Nach erfolgreichem Zugriff auf Corporate-SSO-Konten entwenden die Angreifer Daten aus verbundenen SaaS-Anwendungen wie Salesforce, Microsoft 365, Google Workspace, SAP, Slack, Adobe, Atlassian, Zendesk und Dropbox. Diese Daten werden dann zur Erpressung verwendet — ein klassisches Extortions-Ransomware-Modell ohne Verschlüsselung.

Salesforce-Instanzen sind besonders lukrative Ziele für ShinyHunters. Die Gruppe hat OAuth-Token von verschiedenen Integrationsunternehmen gestohlen, um Zugang zu Salesforce-Systemen zu erlangen. In jüngster Zeit führte die Gruppe mehrere Angriffe gegen das Bildungstechnologie-Unternehmen Instructure durch, was zu Ausfällen von Canvas und zum Diebstahl von Daten von Millionen von Schülern führte. Instructure willigte später in eine Vereinbarung ein — ein diplomatischer Weg zu sagen, dass das Unternehmen vermutlich Lösegeld zahlte, um eine öffentliche Datenlecks-Veröffentlichung zu verhindern.

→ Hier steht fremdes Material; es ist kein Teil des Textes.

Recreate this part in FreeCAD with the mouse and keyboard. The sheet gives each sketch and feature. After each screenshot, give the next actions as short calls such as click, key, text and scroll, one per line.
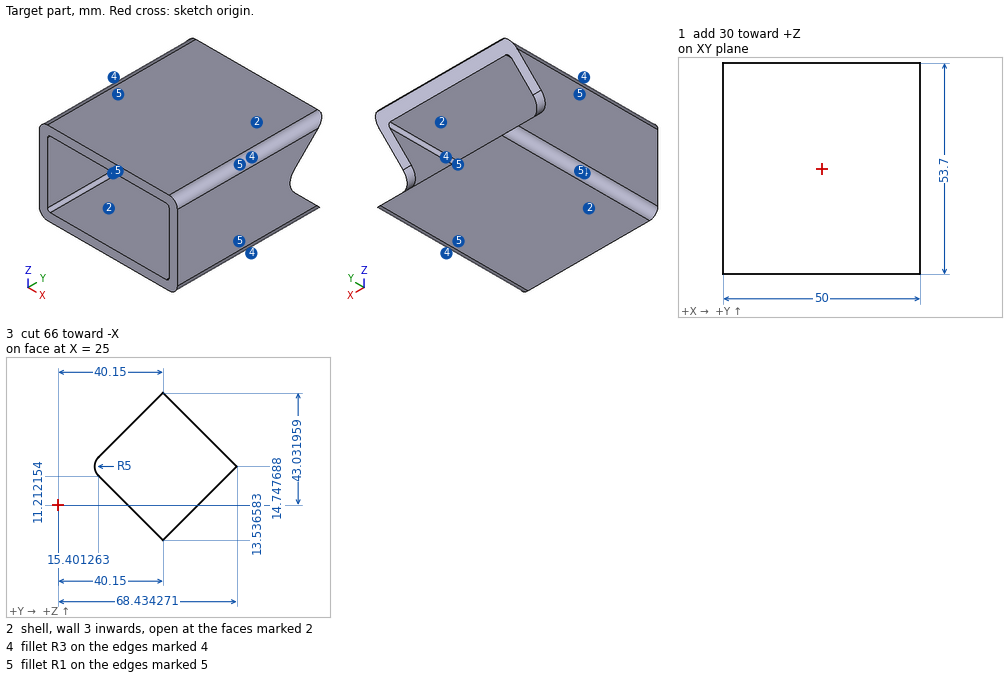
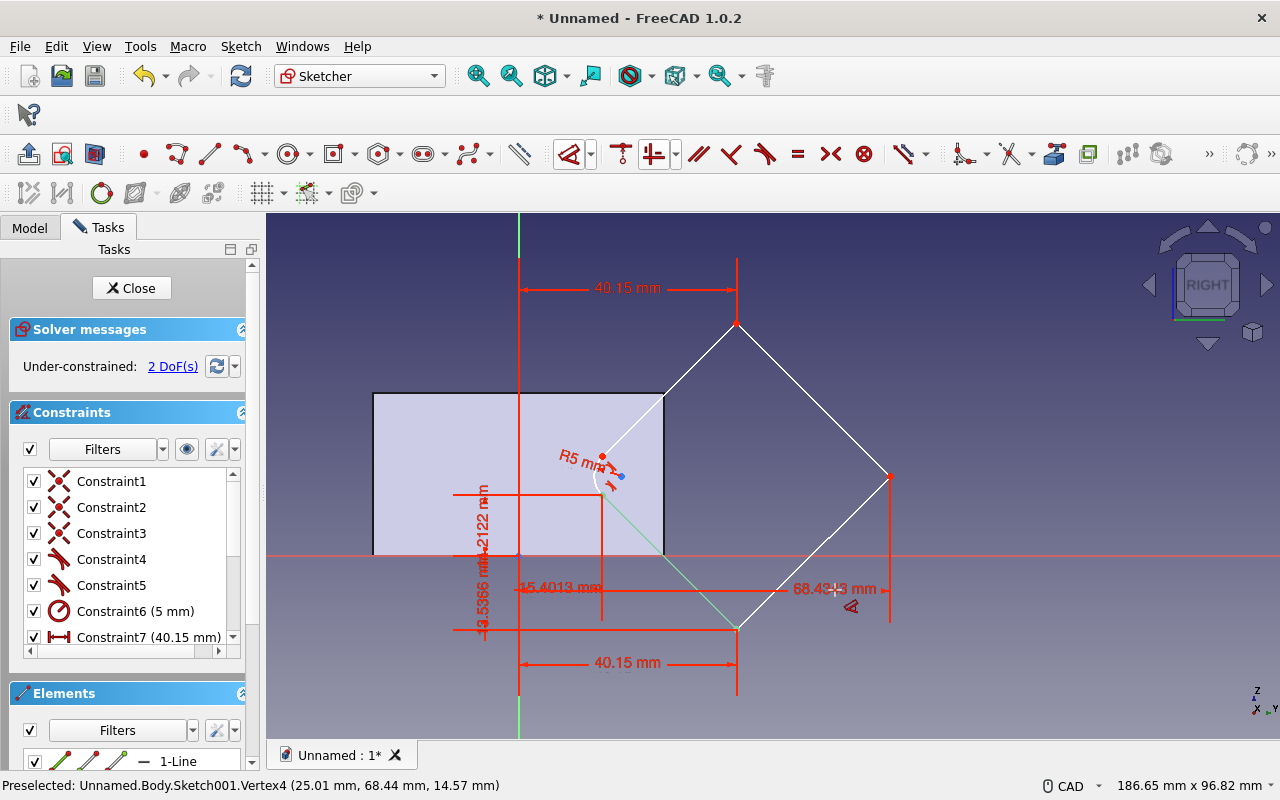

Dies verdeutlicht ein wachsendes Problem: Soziale Ingenieursmethoden und Phishing-Angriffe auf Authentifizierungssysteme sind für große Organisationen schwer zu verteidigen, besonders wenn die Infrastruktur aus Cloud-basierten Services mit vielen Integrationen besteht. Deutsche Unternehmen sollten ihre SSO-Konten und Cloud-Konfigurationen überprüfen.